Lift out all lines below that contain "listed".

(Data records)
[Start of section]

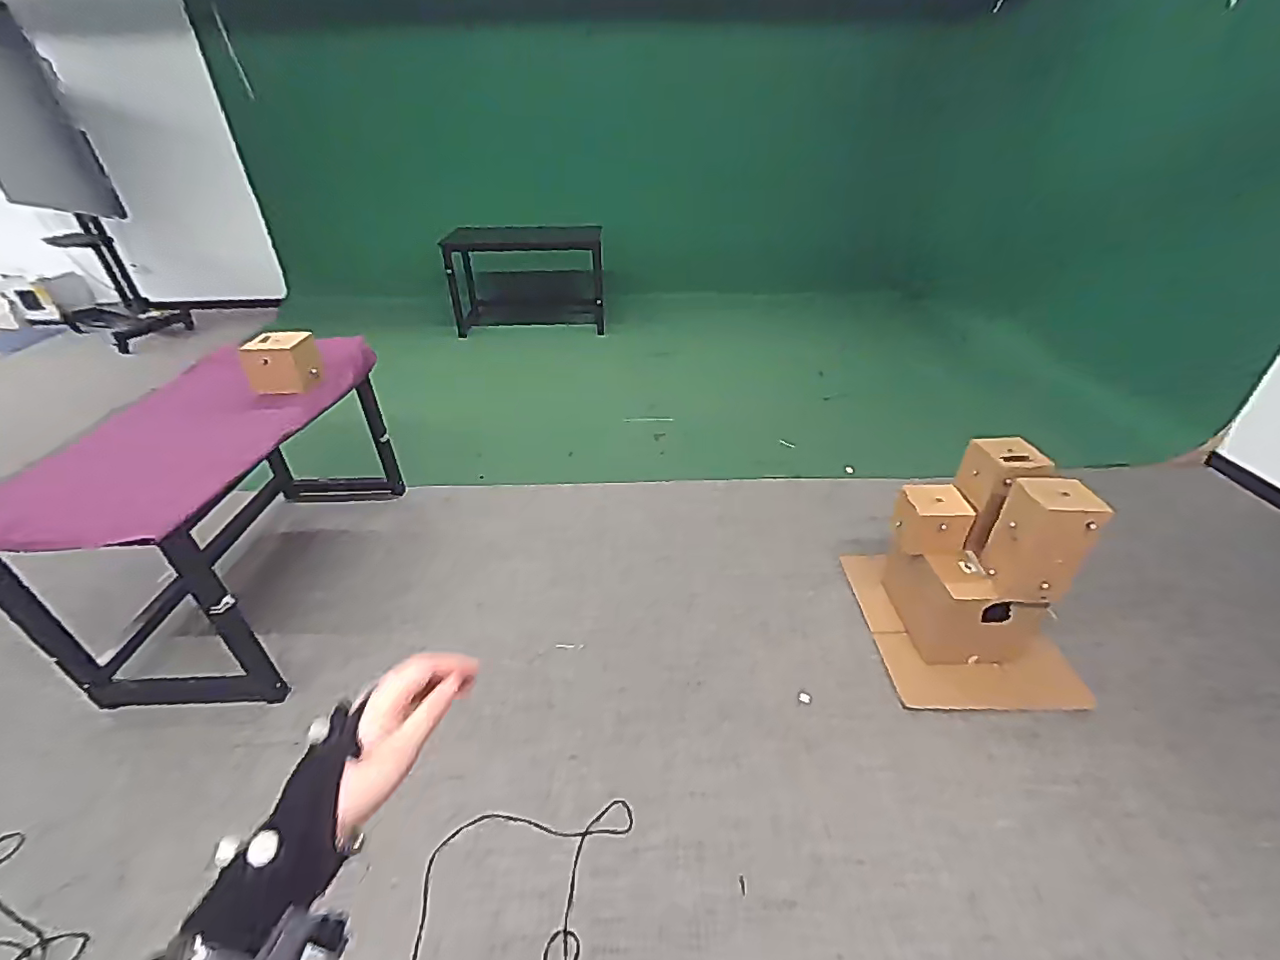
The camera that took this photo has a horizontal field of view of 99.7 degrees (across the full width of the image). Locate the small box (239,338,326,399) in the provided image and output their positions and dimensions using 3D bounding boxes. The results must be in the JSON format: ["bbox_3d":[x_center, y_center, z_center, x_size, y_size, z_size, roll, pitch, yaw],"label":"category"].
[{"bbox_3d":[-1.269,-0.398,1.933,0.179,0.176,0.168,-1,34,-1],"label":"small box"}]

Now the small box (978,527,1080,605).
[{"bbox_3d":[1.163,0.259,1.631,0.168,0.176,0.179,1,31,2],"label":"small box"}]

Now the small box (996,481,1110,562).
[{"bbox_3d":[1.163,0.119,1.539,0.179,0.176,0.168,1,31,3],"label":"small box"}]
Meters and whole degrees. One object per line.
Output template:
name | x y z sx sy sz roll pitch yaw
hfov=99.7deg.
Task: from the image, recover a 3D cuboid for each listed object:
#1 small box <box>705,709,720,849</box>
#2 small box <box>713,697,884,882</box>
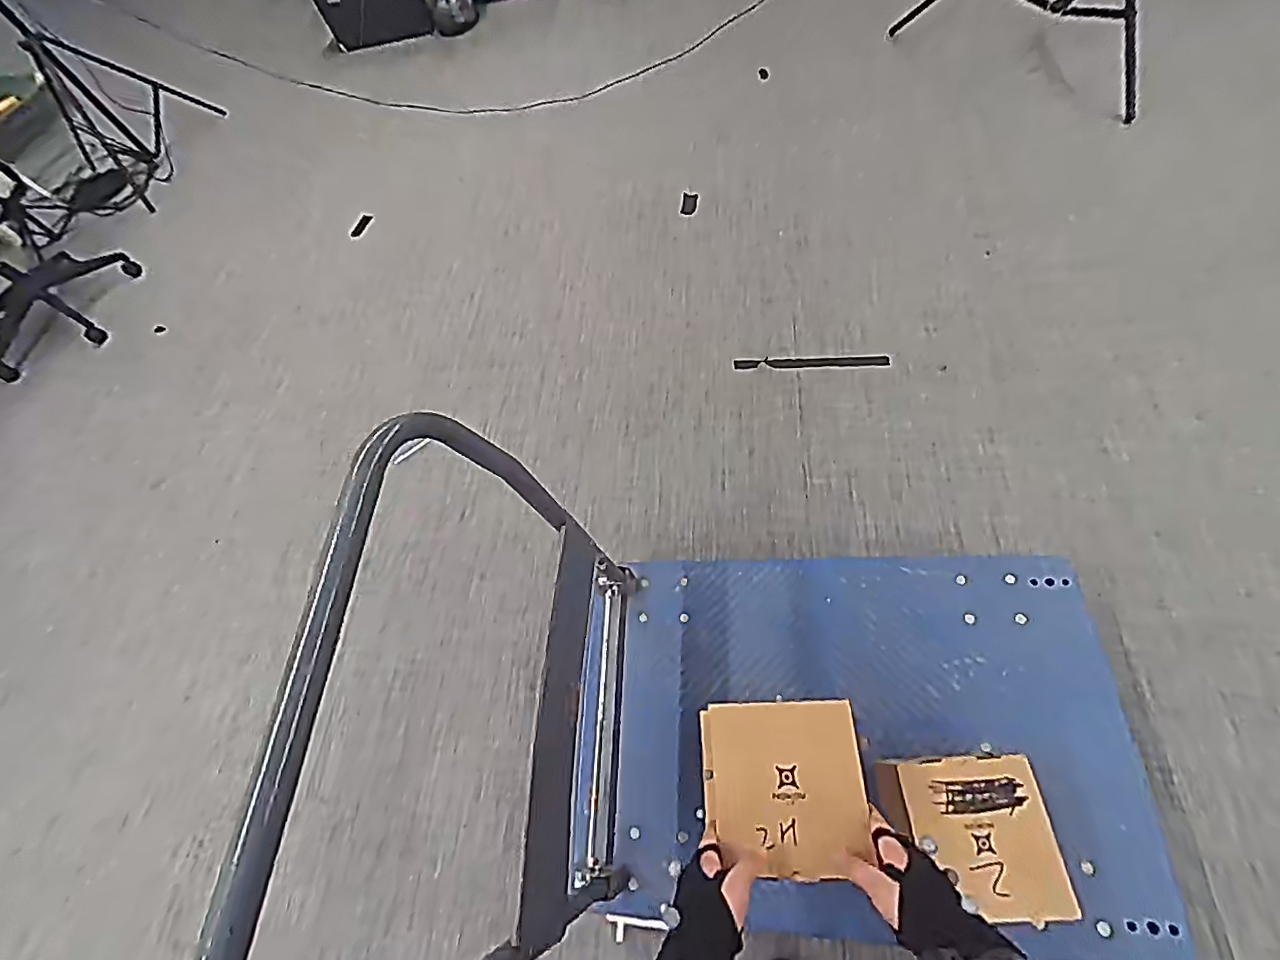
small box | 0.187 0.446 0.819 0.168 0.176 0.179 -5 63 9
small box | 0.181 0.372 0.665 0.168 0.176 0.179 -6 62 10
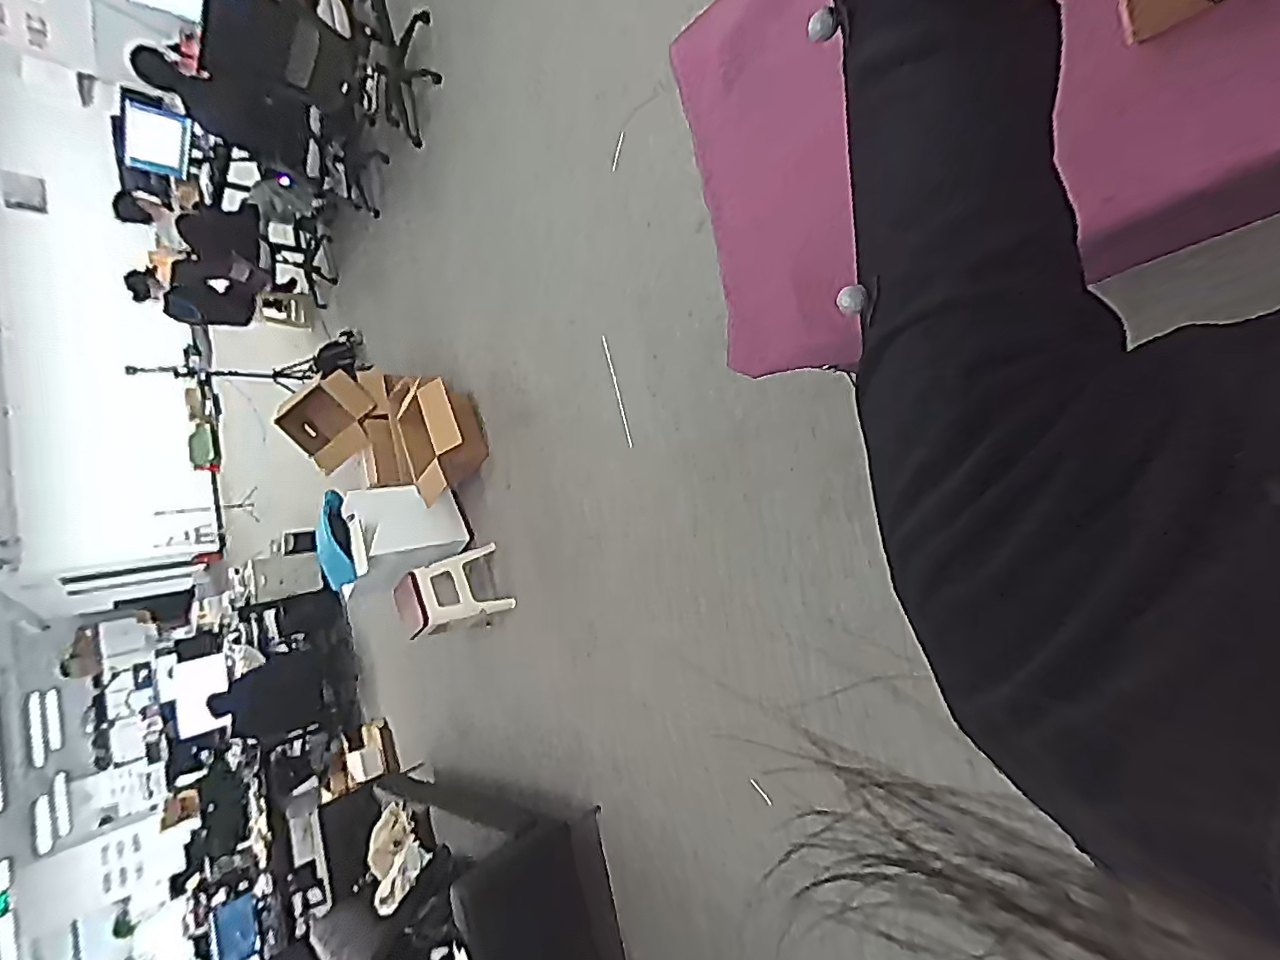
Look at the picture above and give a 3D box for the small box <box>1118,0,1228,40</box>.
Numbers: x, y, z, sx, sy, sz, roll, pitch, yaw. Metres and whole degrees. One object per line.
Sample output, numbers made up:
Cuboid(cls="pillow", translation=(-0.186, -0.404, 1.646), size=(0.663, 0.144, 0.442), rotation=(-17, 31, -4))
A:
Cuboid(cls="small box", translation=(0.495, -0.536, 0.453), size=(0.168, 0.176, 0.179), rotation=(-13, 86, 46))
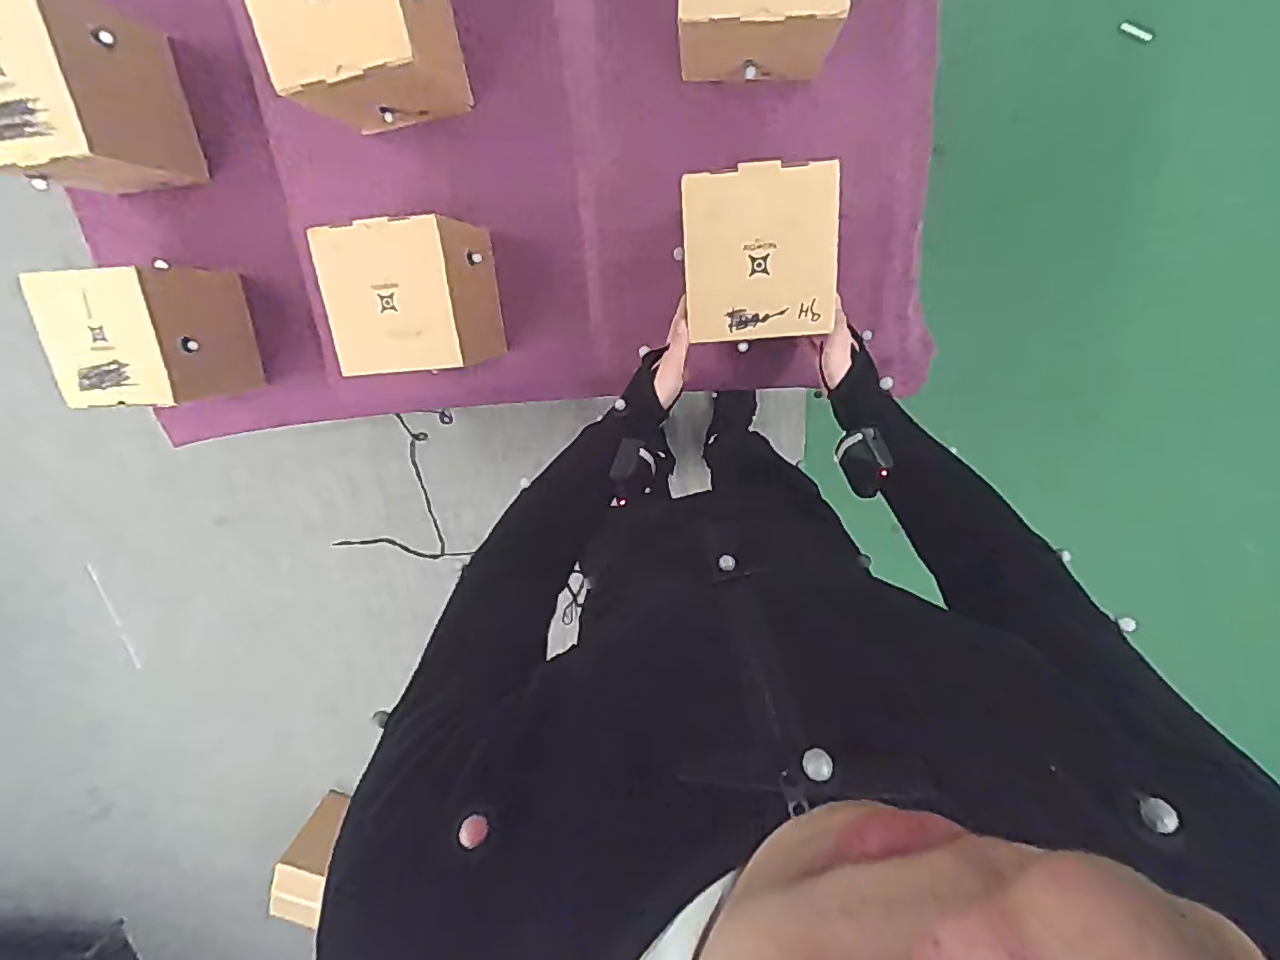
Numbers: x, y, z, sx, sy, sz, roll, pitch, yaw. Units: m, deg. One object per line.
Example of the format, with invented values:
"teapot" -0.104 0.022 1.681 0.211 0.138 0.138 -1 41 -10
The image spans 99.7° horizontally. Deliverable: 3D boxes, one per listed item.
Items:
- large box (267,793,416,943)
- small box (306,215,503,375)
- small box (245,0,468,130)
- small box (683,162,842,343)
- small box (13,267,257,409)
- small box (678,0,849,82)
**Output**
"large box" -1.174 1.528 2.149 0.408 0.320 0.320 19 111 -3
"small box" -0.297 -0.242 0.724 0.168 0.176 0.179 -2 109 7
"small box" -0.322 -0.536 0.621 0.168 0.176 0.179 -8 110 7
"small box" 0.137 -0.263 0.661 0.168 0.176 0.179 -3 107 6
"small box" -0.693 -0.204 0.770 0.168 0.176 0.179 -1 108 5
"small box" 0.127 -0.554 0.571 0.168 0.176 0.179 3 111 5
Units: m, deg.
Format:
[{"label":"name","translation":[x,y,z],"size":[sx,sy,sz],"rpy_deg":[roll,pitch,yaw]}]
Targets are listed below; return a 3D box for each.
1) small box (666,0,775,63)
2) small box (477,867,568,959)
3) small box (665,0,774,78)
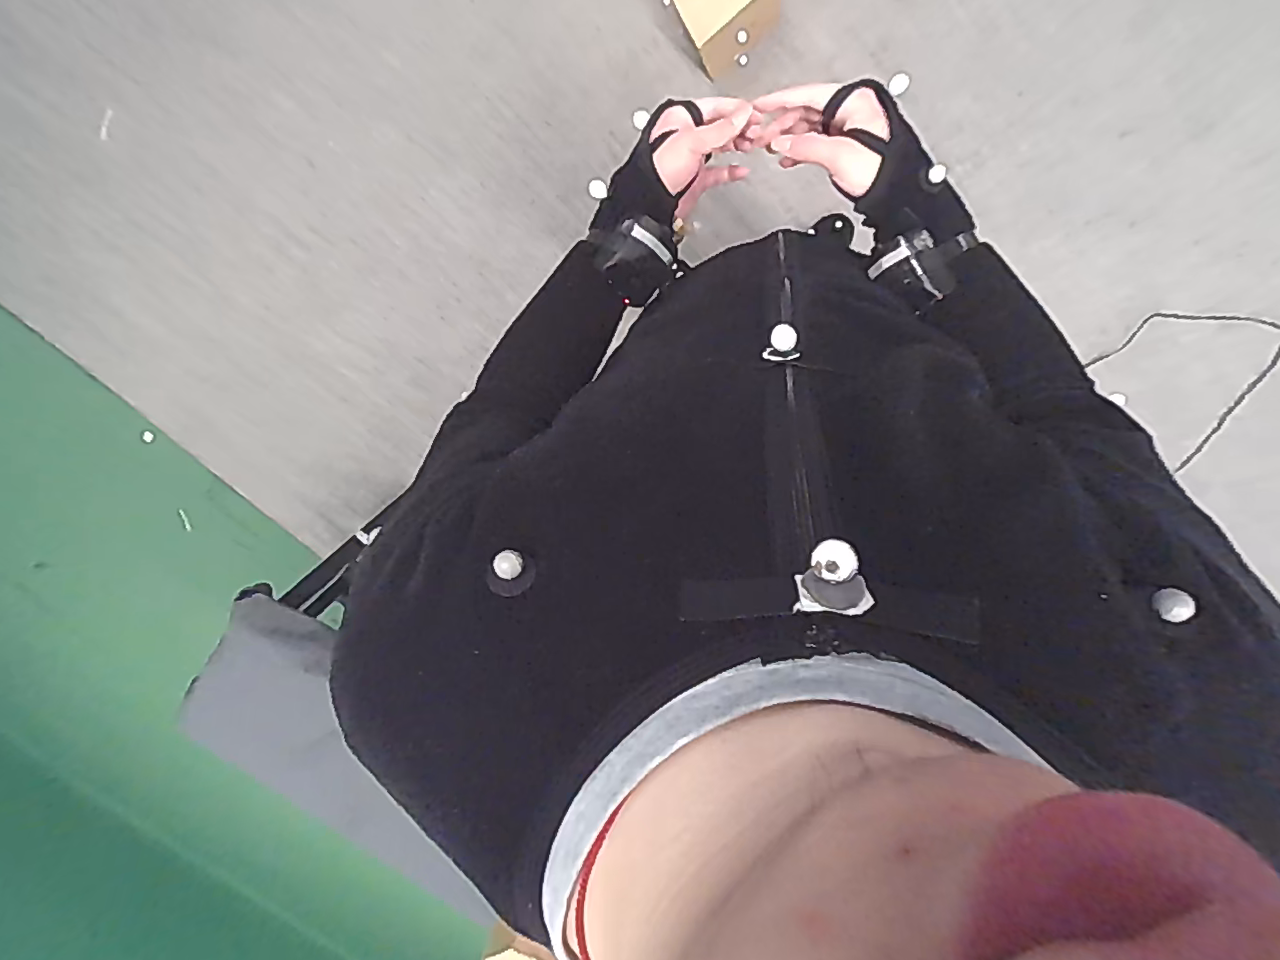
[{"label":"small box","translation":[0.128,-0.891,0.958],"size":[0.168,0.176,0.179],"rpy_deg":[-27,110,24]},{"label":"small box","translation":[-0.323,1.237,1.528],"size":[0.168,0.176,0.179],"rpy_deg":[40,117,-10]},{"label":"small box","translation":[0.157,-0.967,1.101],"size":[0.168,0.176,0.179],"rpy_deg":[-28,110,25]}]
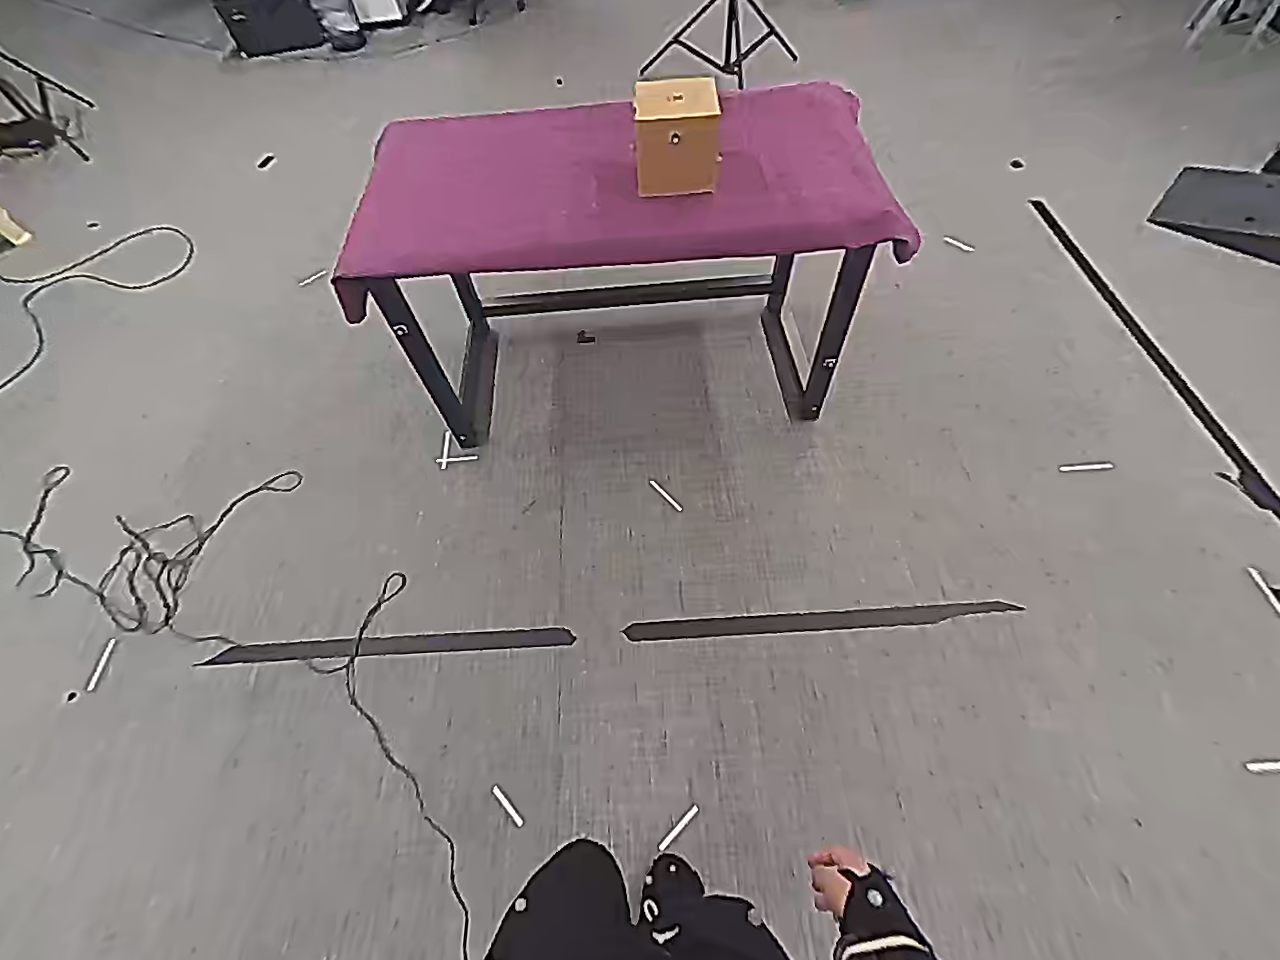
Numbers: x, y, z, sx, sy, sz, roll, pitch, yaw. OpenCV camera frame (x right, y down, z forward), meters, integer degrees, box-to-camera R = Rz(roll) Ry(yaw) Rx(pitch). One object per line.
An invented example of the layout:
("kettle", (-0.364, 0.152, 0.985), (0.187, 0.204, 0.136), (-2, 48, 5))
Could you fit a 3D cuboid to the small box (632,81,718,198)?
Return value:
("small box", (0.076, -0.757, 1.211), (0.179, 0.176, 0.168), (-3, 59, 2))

[End of section]

*ANSWER SECTION:*
Task: from the image, recover a 3D cuboid for each listed object:
The image spans 99.7° horizontally. Deliverable: 3D boxes, one per listed item.
Targets are listed below; return a 3D box for each.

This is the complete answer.